## Directions for this task
Beginning with the line that holds "An invented example", write out each line exactly as it stands until the end of the data, and include no pictures.

········

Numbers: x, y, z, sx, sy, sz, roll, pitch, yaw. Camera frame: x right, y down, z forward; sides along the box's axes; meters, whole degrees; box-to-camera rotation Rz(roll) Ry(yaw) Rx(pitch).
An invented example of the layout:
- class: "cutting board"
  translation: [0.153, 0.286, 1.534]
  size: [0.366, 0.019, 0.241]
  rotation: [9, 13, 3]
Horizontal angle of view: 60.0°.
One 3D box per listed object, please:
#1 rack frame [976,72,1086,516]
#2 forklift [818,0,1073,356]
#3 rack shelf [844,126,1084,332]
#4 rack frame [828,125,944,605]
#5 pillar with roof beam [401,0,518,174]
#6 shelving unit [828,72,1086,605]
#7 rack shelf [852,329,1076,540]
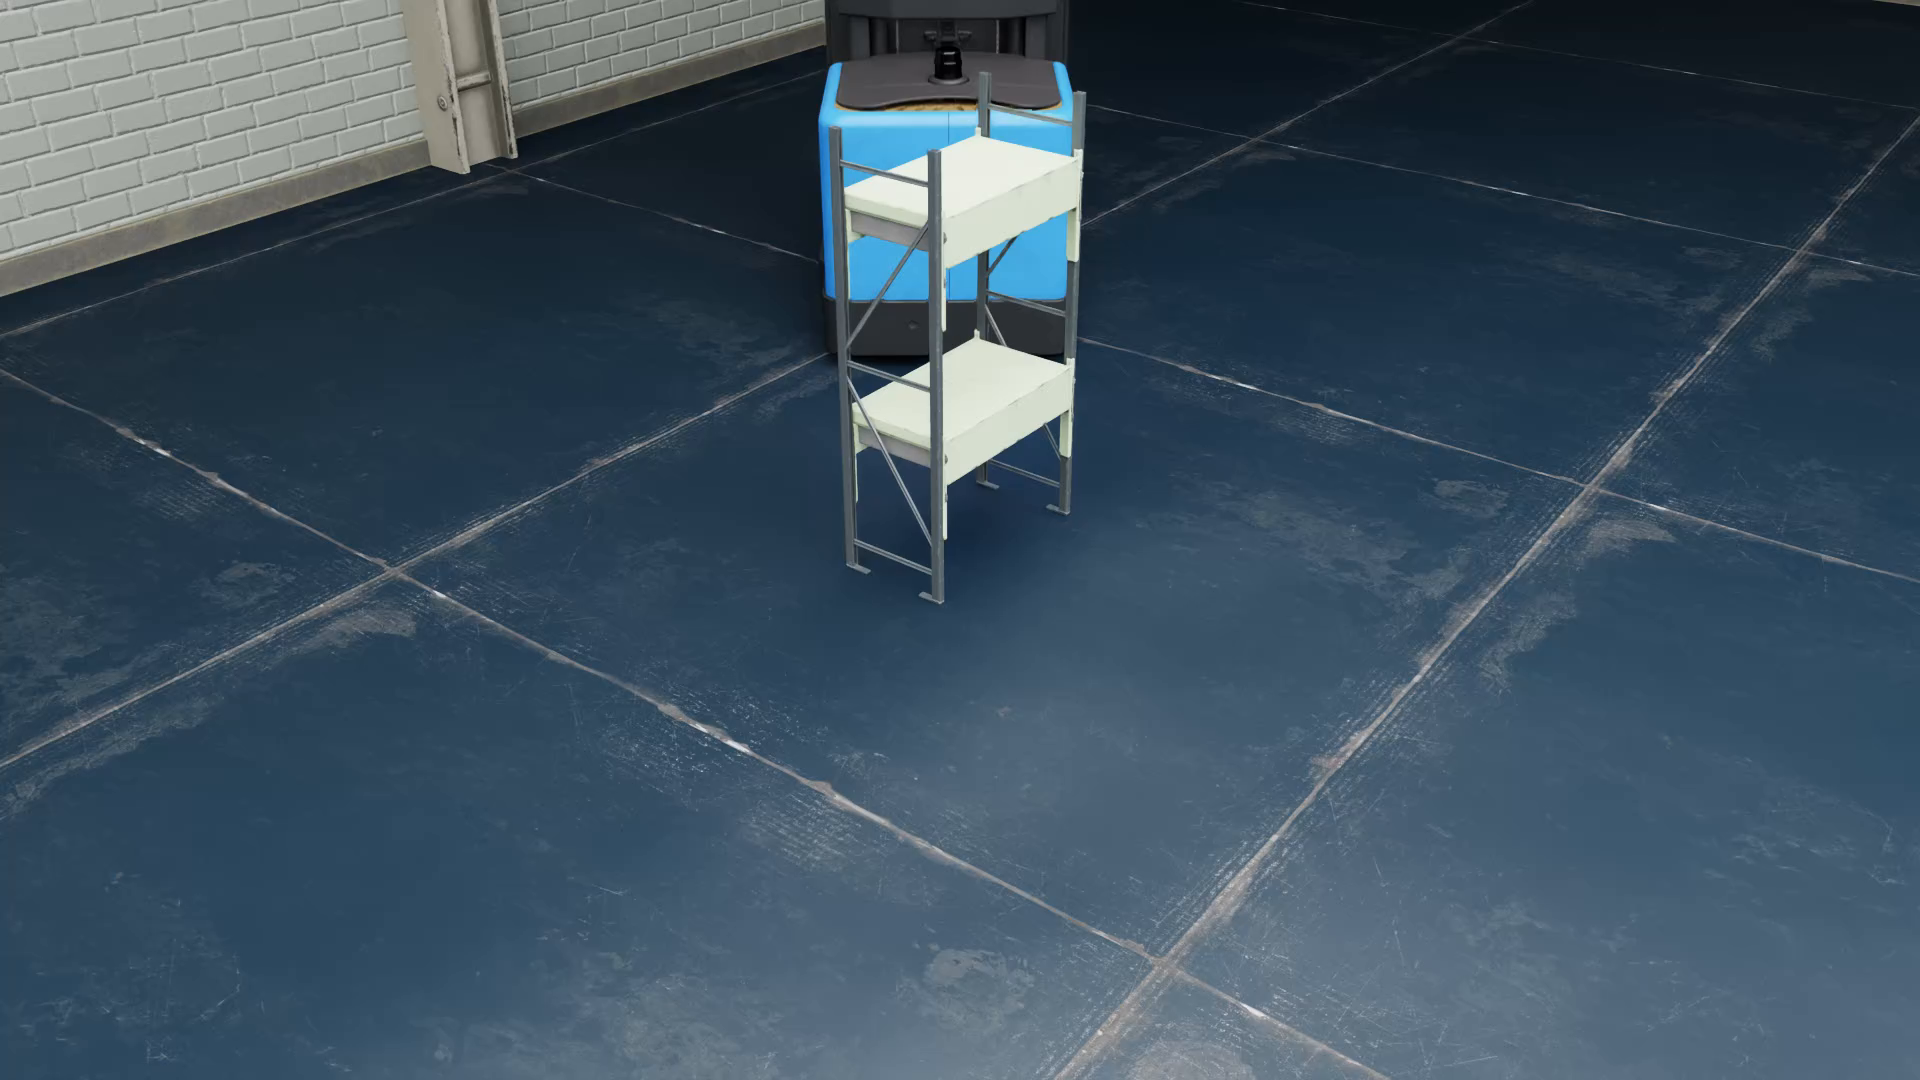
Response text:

········

## Response to the exercise
An invented example of the layout:
- class: "cutting board"
  translation: [0.153, 0.286, 1.534]
  size: [0.366, 0.019, 0.241]
  rotation: [9, 13, 3]
Horizontal angle of view: 60.0°.
One 3D box per listed object, please:
#1 rack frame [976,72,1086,516]
#2 forklift [818,0,1073,356]
#3 rack shelf [844,126,1084,332]
#4 rack frame [828,125,944,605]
#5 pillar with roof beam [401,0,518,174]
#6 shelving unit [828,72,1086,605]
#7 rack shelf [852,329,1076,540]
Response text:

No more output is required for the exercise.